Das ist die Lösung, nach der die Fehlermeldung fragt, und die einzige, die Ihnen eine wirklich trimming-sichere App hinterlässt. Deklarieren Sie einen partiellen Kontext, listen Sie jeden Wurzeltyp auf, den Sie serialisieren, und leiten Sie die Aufrufe darüber.

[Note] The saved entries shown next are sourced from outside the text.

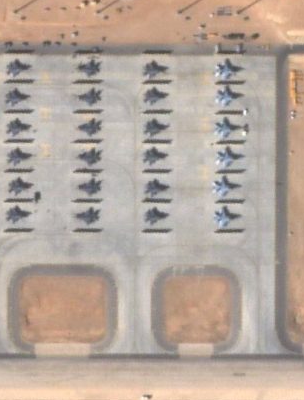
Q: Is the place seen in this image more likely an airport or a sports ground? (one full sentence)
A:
The area seen from above is an airport.
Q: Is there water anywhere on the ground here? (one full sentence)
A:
No, the picture contains no water.
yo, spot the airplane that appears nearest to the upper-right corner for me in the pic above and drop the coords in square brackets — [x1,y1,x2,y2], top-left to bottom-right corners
[215,65,238,81]

// .NET 11, C# 14, System.Text.Json 11.0.0
using System.Text.Json;
using System.Text.Json.Serialization;

public record WeatherForecast(DateOnly Date, int TemperatureC, string? Summary);

[JsonSourceGenerationOptions(PropertyNamingPolicy = JsonKnownNamingPolicy.CamelCase)]
[JsonSerializable(typeof(WeatherForecast))]
[JsonSerializable(typeof(List<WeatherForecast>))]
internal partial class AppJsonContext : JsonSerializerContext;

Wählen Sie dann eine der drei unterstützten Aufrufformen:

// .NET 11, C# 14
// 1. Strongly typed, zero options plumbing. Preferred.
string json = JsonSerializer.Serialize(forecast, AppJsonContext.Default.WeatherForecast);
WeatherForecast? back = JsonSerializer.Deserialize(json, AppJsonContext.Default.WeatherForecast);

// 2. Through options, when an API forces you to hand it a JsonSerializerOptions.
var options = new JsonSerializerOptions { TypeInfoResolver = AppJsonContext.Default };
json = JsonSerializer.Serialize(forecast, options);

// 3. Non-generic, when the type is only known at runtime.
json = JsonSerializer.Serialize(forecast, typeof(WeatherForecast), AppJsonContext.Default);

Setzen Sie Ihre Optionen nach Möglichkeit über [JsonSourceGenerationOptions] statt über eine JsonSerializerOptions-Instanz. Die generierte Default-Eigenschaft ist dann zur Kompilierzeit vorkonfiguriert, und Sie können nicht vergessen, die Namensrichtlinie an einer von sechs Aufrufstellen anzuwenden. Collections brauchen einen eigenen [JsonSerializable]-Eintrag (List<WeatherForecast> oben), und als object deklarierte Member brauchen jeden möglichen Laufzeittyp registriert, weil der Generator sonst nichts hat, woran er sich orientieren könnte.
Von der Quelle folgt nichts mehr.